__Work instructions__.
Transcribe the listing in full, excluding any pictures.

══════

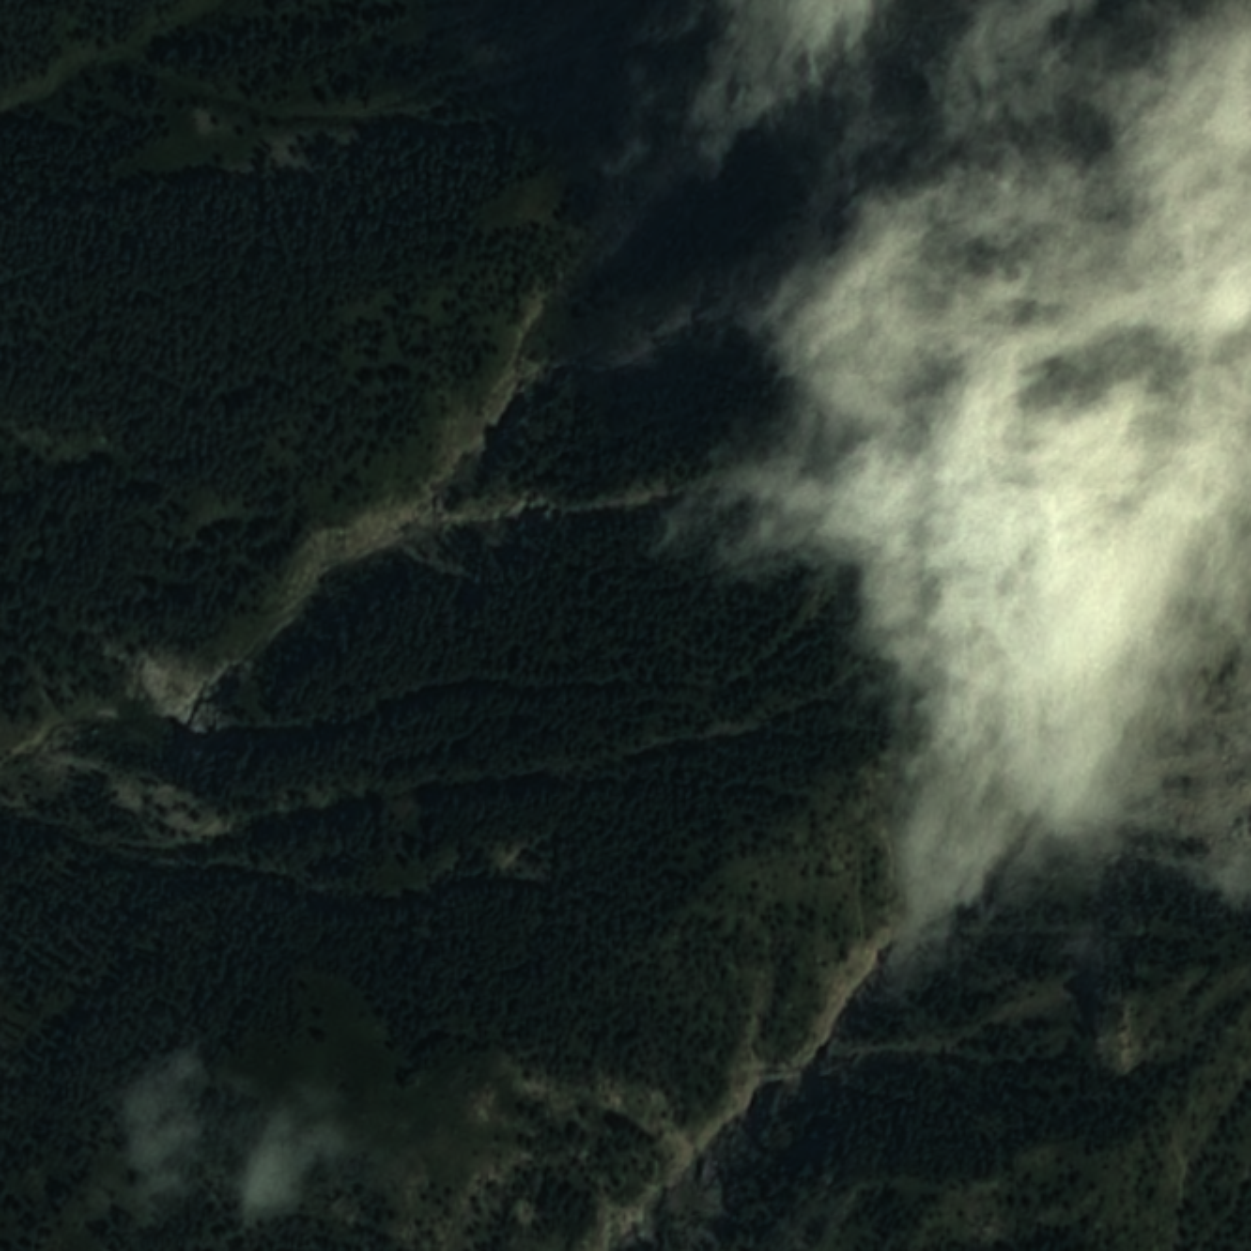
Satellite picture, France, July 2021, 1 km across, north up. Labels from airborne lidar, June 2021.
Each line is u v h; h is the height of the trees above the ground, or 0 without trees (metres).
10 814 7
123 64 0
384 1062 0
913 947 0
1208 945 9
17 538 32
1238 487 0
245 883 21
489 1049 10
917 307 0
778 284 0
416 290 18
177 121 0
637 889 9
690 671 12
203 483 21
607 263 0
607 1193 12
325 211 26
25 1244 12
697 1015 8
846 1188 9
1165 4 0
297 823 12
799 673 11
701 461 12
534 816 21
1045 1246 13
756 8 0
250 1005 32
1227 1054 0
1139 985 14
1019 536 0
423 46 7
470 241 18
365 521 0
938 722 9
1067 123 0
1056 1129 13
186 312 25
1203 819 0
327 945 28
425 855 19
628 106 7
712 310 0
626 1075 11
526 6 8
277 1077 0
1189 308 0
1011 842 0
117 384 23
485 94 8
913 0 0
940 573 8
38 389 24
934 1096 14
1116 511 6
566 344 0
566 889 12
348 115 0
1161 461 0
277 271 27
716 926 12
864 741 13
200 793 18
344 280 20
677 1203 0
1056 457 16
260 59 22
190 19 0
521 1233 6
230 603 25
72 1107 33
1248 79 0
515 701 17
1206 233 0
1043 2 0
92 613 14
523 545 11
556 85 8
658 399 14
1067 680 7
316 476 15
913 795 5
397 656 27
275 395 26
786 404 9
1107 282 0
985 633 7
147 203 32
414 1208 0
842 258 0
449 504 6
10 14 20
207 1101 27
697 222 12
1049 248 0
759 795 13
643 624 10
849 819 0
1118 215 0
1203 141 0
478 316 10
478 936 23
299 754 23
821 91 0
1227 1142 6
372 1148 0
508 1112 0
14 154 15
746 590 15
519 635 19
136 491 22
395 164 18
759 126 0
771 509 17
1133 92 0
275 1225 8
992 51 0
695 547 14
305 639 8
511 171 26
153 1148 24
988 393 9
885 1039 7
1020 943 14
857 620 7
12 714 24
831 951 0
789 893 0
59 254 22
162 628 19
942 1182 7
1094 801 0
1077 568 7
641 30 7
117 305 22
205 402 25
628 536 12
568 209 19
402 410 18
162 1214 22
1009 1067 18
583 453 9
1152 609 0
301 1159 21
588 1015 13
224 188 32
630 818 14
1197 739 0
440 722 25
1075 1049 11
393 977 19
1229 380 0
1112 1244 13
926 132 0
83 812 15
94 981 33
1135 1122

══════

__Written answer__.
Satellite picture, France, July 2021, 1 km across, north up. Labels from airborne lidar, June 2021.
Each line is u v h; h is the height of the trees above the ground, or 0 without trees (metres).
10 814 7
123 64 0
384 1062 0
913 947 0
1208 945 9
17 538 32
1238 487 0
245 883 21
489 1049 10
917 307 0
778 284 0
416 290 18
177 121 0
637 889 9
690 671 12
203 483 21
607 263 0
607 1193 12
325 211 26
25 1244 12
697 1015 8
846 1188 9
1165 4 0
297 823 12
799 673 11
701 461 12
534 816 21
1045 1246 13
756 8 0
250 1005 32
1227 1054 0
1139 985 14
1019 536 0
423 46 7
470 241 18
365 521 0
938 722 9
1067 123 0
1056 1129 13
186 312 25
1203 819 0
327 945 28
425 855 19
628 106 7
712 310 0
626 1075 11
526 6 8
277 1077 0
1189 308 0
1011 842 0
117 384 23
485 94 8
913 0 0
940 573 8
38 389 24
934 1096 14
1116 511 6
566 344 0
566 889 12
348 115 0
1161 461 0
277 271 27
716 926 12
864 741 13
200 793 18
344 280 20
677 1203 0
1056 457 16
260 59 22
190 19 0
521 1233 6
230 603 25
72 1107 33
1248 79 0
515 701 17
1206 233 0
1043 2 0
92 613 14
523 545 11
556 85 8
658 399 14
1067 680 7
316 476 15
913 795 5
397 656 27
275 395 26
786 404 9
1107 282 0
985 633 7
147 203 32
414 1208 0
842 258 0
449 504 6
10 14 20
207 1101 27
697 222 12
1049 248 0
759 795 13
643 624 10
849 819 0
1118 215 0
1203 141 0
478 316 10
478 936 23
299 754 23
821 91 0
1227 1142 6
372 1148 0
508 1112 0
14 154 15
746 590 15
519 635 19
136 491 22
395 164 18
759 126 0
771 509 17
1133 92 0
275 1225 8
992 51 0
695 547 14
305 639 8
511 171 26
153 1148 24
988 393 9
885 1039 7
1020 943 14
857 620 7
12 714 24
831 951 0
789 893 0
59 254 22
162 628 19
942 1182 7
1094 801 0
1077 568 7
641 30 7
117 305 22
205 402 25
628 536 12
568 209 19
402 410 18
162 1214 22
1009 1067 18
583 453 9
1152 609 0
301 1159 21
588 1015 13
224 188 32
630 818 14
1197 739 0
440 722 25
1075 1049 11
393 977 19
1229 380 0
1112 1244 13
926 132 0
83 812 15
94 981 33
1135 1122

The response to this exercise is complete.